For example, in one embodiment, the substrate 210 may have a size of 20 mm x 4.5 mm x 0.4 mm. Further, the thickness of the substrate 210 is preferably less than 1 mm to thereby enhance the coupling mechanism between the first radiating portion 221 and the conductive portion 330. The coupling pitch D2 can be 2.5 mm. The length D31 and the width D32 of the slotted hole 181 may be 17.5 mm and 4 mm, respectively, and the length D33 of the open end 311 of the slotted hole 181 may be 5 mm. Further, the width D34 of the conductive segment 330 may be 1.5 mm. Thereby, the frequency range of the second frequency band covered by the antenna structure 140 can be 2.4 GHz to 2.5 GHz, and the frequency band of the second frequency band can be combined with the first frequency band of the antenna structure 140, thereby making the antenna structure 140 operable. The frequency range includes 5.15GHz ~ 5.875GHz.

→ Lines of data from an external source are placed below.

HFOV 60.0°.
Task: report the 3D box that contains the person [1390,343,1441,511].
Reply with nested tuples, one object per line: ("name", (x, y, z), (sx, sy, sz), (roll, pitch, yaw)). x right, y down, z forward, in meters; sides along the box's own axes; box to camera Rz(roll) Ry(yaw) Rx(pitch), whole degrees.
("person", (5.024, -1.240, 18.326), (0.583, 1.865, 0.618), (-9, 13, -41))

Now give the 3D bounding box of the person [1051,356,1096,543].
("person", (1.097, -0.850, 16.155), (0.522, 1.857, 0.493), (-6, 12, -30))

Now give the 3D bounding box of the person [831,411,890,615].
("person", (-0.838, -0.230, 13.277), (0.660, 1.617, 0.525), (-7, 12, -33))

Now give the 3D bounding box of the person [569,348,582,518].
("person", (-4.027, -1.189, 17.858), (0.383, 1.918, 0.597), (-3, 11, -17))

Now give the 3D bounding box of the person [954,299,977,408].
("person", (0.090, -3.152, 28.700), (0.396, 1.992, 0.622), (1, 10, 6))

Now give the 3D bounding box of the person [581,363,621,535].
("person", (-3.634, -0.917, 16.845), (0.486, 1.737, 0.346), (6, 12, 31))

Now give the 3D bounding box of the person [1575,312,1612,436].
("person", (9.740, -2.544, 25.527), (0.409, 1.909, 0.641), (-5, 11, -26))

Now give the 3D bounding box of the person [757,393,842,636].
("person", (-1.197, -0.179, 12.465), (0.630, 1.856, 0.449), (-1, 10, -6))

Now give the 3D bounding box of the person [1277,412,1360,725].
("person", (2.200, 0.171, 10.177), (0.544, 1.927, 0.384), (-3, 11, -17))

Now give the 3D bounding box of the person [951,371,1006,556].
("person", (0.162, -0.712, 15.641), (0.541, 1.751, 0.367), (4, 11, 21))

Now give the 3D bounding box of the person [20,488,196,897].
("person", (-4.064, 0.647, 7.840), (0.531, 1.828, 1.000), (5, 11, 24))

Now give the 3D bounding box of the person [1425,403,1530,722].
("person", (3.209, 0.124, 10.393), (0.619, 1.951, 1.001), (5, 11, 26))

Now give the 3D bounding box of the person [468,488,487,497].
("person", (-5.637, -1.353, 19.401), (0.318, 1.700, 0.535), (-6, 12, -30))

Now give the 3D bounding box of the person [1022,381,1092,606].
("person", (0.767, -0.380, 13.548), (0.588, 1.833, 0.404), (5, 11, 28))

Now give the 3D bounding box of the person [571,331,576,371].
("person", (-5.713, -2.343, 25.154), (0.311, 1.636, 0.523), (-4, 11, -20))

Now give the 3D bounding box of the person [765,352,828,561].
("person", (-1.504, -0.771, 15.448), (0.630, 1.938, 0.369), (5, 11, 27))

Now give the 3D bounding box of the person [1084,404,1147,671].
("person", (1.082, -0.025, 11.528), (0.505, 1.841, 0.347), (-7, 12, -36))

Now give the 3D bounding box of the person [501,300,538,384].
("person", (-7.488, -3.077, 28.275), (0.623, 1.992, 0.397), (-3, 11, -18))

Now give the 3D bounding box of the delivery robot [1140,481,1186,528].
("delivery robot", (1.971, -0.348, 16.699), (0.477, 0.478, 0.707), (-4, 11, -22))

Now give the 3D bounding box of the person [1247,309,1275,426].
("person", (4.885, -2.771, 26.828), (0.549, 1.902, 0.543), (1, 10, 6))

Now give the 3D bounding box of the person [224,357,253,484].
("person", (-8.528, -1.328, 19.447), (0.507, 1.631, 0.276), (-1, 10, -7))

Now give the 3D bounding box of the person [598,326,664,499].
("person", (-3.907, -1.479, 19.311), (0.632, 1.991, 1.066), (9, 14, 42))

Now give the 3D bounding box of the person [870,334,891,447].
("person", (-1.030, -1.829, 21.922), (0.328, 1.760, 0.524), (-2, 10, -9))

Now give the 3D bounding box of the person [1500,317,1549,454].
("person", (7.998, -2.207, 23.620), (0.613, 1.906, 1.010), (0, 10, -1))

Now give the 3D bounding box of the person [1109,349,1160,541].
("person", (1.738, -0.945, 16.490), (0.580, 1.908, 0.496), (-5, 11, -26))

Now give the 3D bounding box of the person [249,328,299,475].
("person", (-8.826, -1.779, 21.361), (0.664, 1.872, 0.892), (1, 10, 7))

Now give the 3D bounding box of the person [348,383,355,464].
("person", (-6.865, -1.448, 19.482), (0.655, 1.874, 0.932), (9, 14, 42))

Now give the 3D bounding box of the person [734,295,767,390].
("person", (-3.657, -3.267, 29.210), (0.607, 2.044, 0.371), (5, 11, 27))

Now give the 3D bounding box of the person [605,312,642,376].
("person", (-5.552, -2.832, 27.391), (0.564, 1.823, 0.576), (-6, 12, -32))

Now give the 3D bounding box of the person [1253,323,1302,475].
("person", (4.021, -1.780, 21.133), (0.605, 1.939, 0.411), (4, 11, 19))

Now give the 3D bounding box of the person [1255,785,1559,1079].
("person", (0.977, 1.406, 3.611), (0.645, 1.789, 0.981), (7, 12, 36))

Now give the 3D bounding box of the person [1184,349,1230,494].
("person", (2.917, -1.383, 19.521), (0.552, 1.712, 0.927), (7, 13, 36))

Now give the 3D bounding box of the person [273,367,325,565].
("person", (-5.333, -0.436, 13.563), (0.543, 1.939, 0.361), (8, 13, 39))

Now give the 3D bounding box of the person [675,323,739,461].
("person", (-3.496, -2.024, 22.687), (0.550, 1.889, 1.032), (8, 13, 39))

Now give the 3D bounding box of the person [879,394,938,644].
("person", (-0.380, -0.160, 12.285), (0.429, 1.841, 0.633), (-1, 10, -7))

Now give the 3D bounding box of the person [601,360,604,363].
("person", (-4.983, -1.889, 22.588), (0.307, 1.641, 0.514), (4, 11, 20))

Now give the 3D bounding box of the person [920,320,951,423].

With continued reference to FIG. 1, the antenna structures 140-170 in the electronic device 100 have the same configuration. For example, FIG. 5 and FIG. 6 are respectively schematic projection views of an antenna structure according to another embodiment of the present invention. As shown in FIG. 5, the antenna structure 150 includes a portion of the conductive housing 111, the substrate 510, the radiating element 520, and the grounding element 530, and the radiating element 520 includes first and second radiating portions 521 and 522. As shown in FIG. 6, the antenna structure 160 includes a portion of the conductive housing 111, the substrate 610, the radiating element 620, and the grounding element 630, and the radiating element 620 includes first and second radiating portions 621 and 622. Further, the antenna structure 170 includes a portion of the conductive housing 111, the substrate 710, the radiating element 720, and the grounding element 730, and the radiating element 720 includes first and second radiating portions 721 and 722. In addition, the detailed structure and operation of each of the antenna structures 150-170 (for example, the conductive housing 111, the radiating elements 520-720 and the grounding elements 530-730) are included in the above embodiments of FIGS. 2-4, so This is not to repeat.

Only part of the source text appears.